Meet the artisans, discover their expertise, and share their passion.

Creators

Forging an object’s character.

Blacksmith Thomas Lefebvre brings metal to life through his modern twist on this ancestral art.

An artisan by trade, Thomas compares forging to sculpture: “I move solid material that's been softened by using heat,” he explains. Magic happens between the hammer and the anvil. “I hammer hard, using the moulds and patterns that will allow me to give the object the final shape that I want.” Since he was a teenager, the artisan has been following in the footsteps of his father, who is also a blacksmith. “We have pretty different styles,” Thomas points out. He has now been working independently for the last 8 years.

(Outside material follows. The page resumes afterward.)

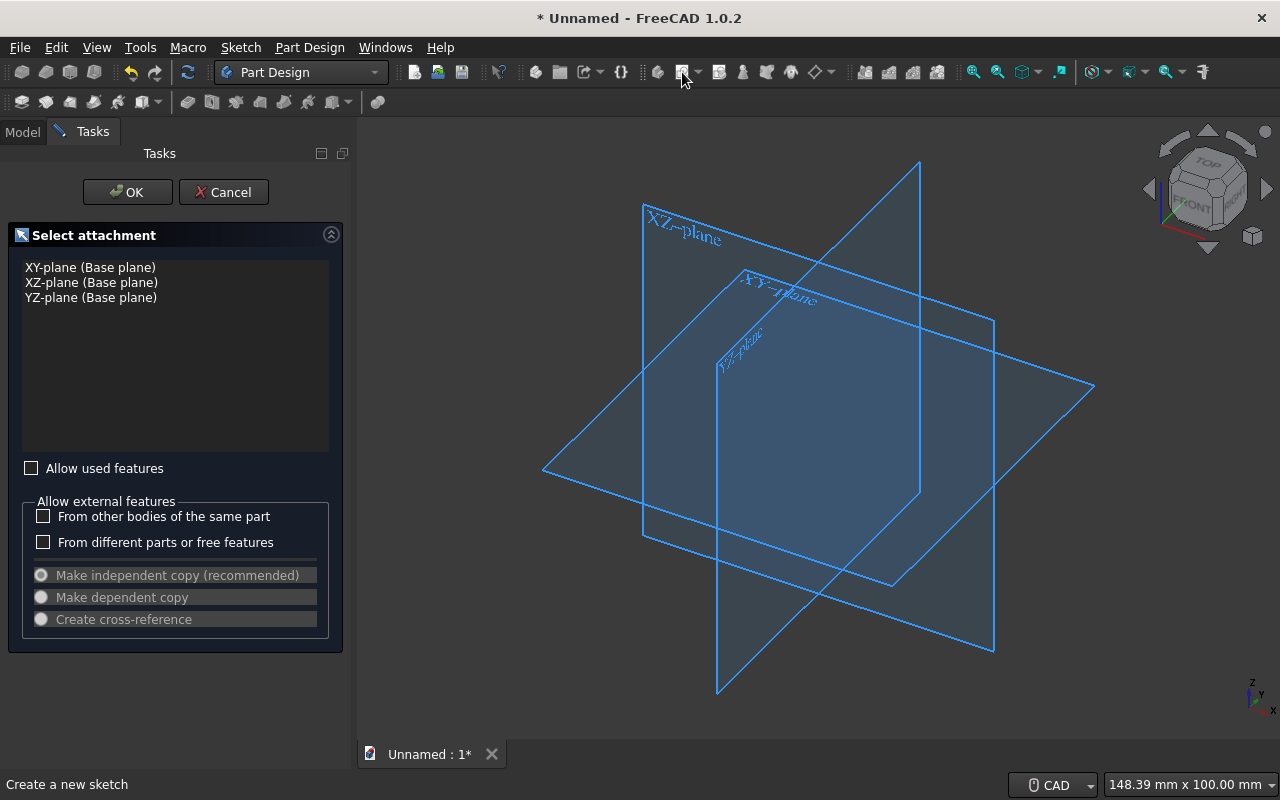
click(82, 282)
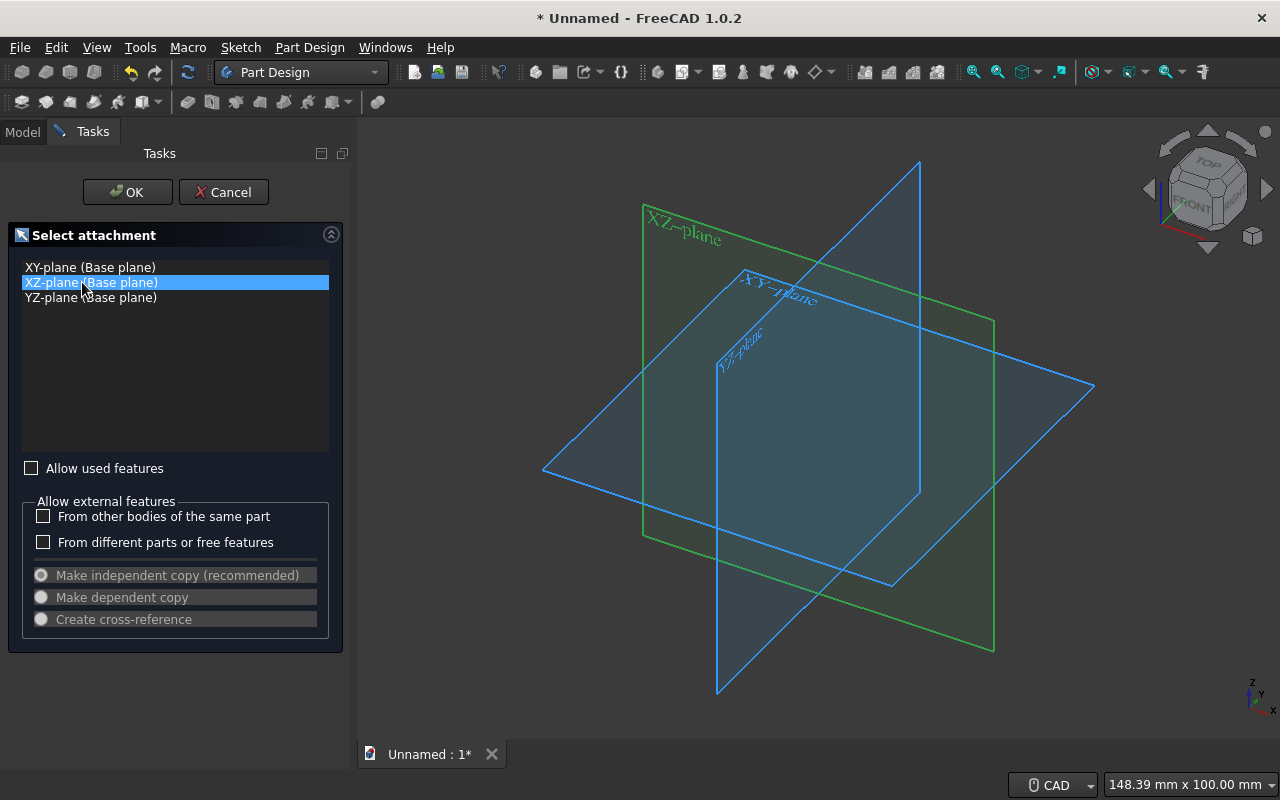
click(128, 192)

Thomas concentrates on the design of objects in his work. “I mostly make tools that are useful in day-to-day life and are forged out of metal,” he says. “I focus on decorative functionality, meaning that I produce objects that are aesthetically interesting, but that are also functional.” Thomas takes the time to give his creations a personal touch.

“I do it with a certain style and aesthetic interest. I generally go for simple and minimalistic elements. I also enjoy straight lines and dramatic contrasts, for example, between surfaces that are untouched and those that are heavily worked on.” 

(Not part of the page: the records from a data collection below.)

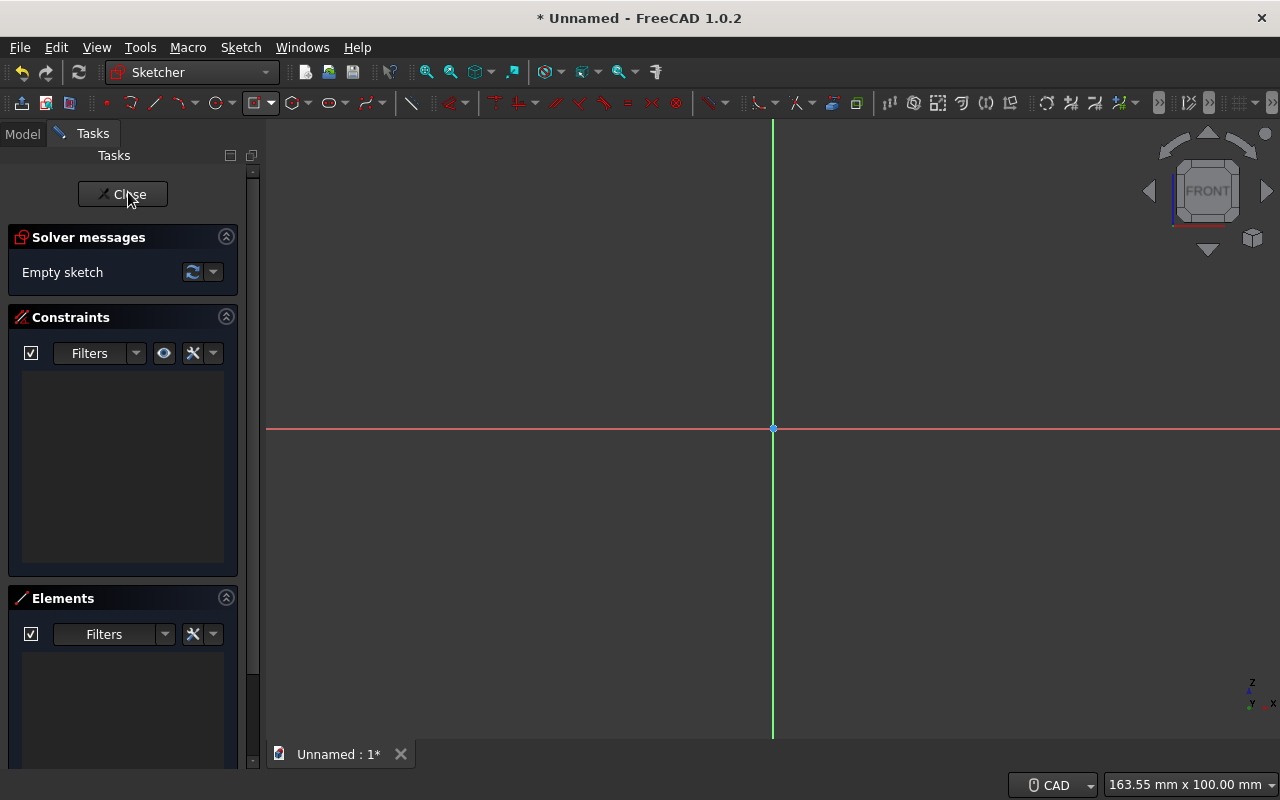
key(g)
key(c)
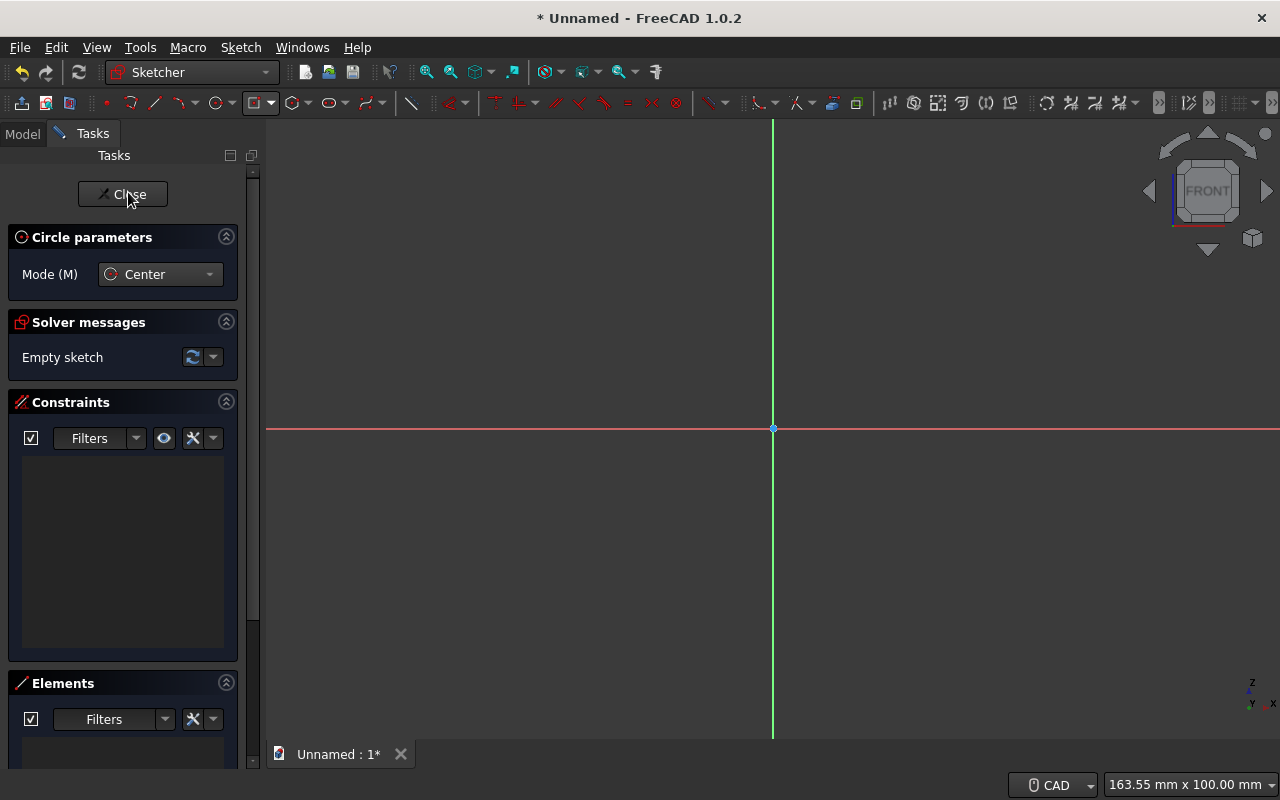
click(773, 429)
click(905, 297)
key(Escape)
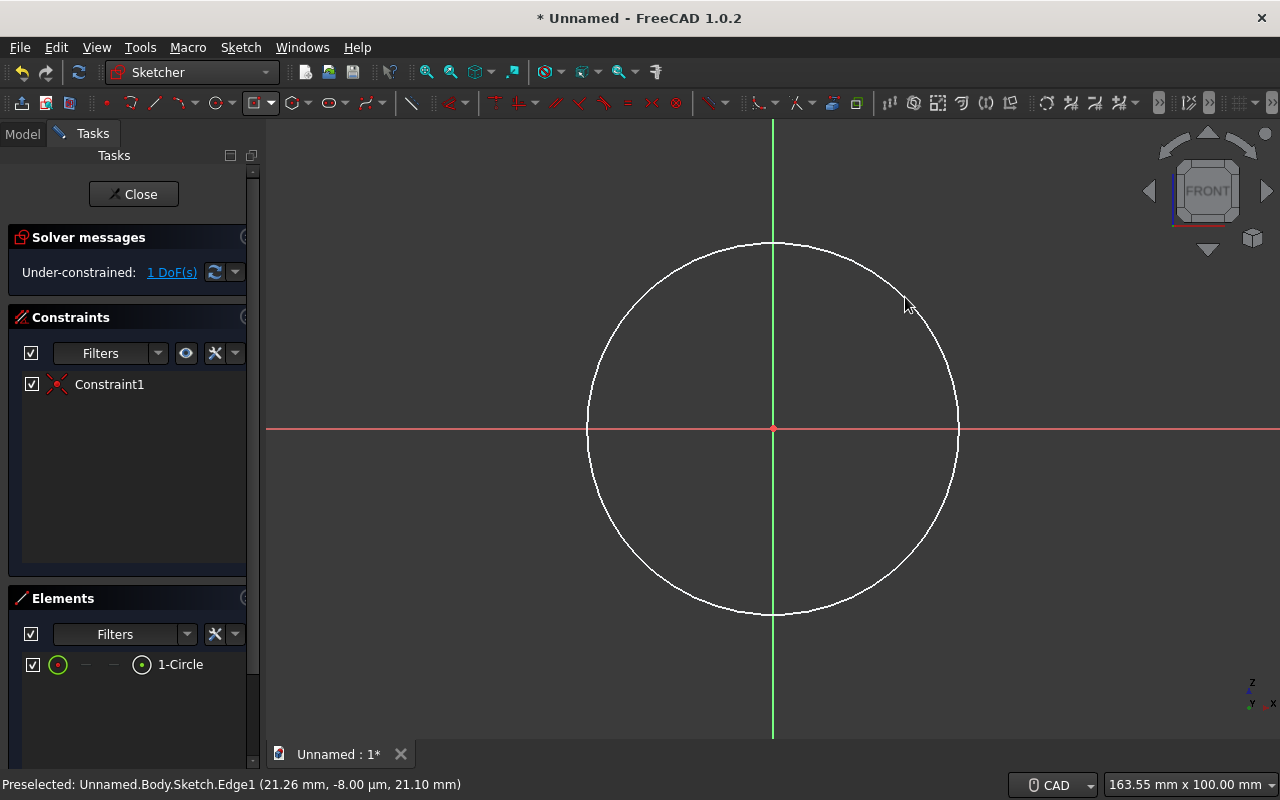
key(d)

While Thomas may seem to have been destined for metalworking, he contemplated becoming a violin maker before turning to metal, a material that allows for more experimentation. “My training in instrument-making is still useful to me,” he explains. “For instance, measurements, precision, and accuracy are all very important aspects of instrument-making that still serve me today.” At the moment, the artisan is mostly working with mild and stainless steel. “I’ve been specializing in this material for the past few years,” he says. “I have worked very hard to find a technique to make long-lasting objects that have the charm of metalwork.” Once forged, stainless steel requires a rigorous finishing and polishing process in order to protect its appearance and keep it easy to maintain. Despite the material's modern look, the designer makes sure to leave artisanal traces. “There are still a lot of rough marks from forging, like the hammer imprints. Even if the object is polished like a mirror, we are still able to see the metalwork.”

According to Thomas, there are a lot of myths about metalworking. He's trying to demystify the trade using social media, where he documents his work. “People aren’t in contact with this type of trade these days.” he says. “There used to be a blacksmith on every street corner. It was a very useful trade in people’s daily lives.” As the designer explains, there is confusion about the differences between forging and smelting. “They are two metalworking techniques. Smelting is a process of making objects by pouring liquid material into moulds. Smelted objects have very different characteristics from forged objects,” he explains.

The mystery around his profession doesn’t stop Thomas from getting lots of work. Between commercial projects, buyers’ requests, and his own line of products, every day is forged differently for Thomas.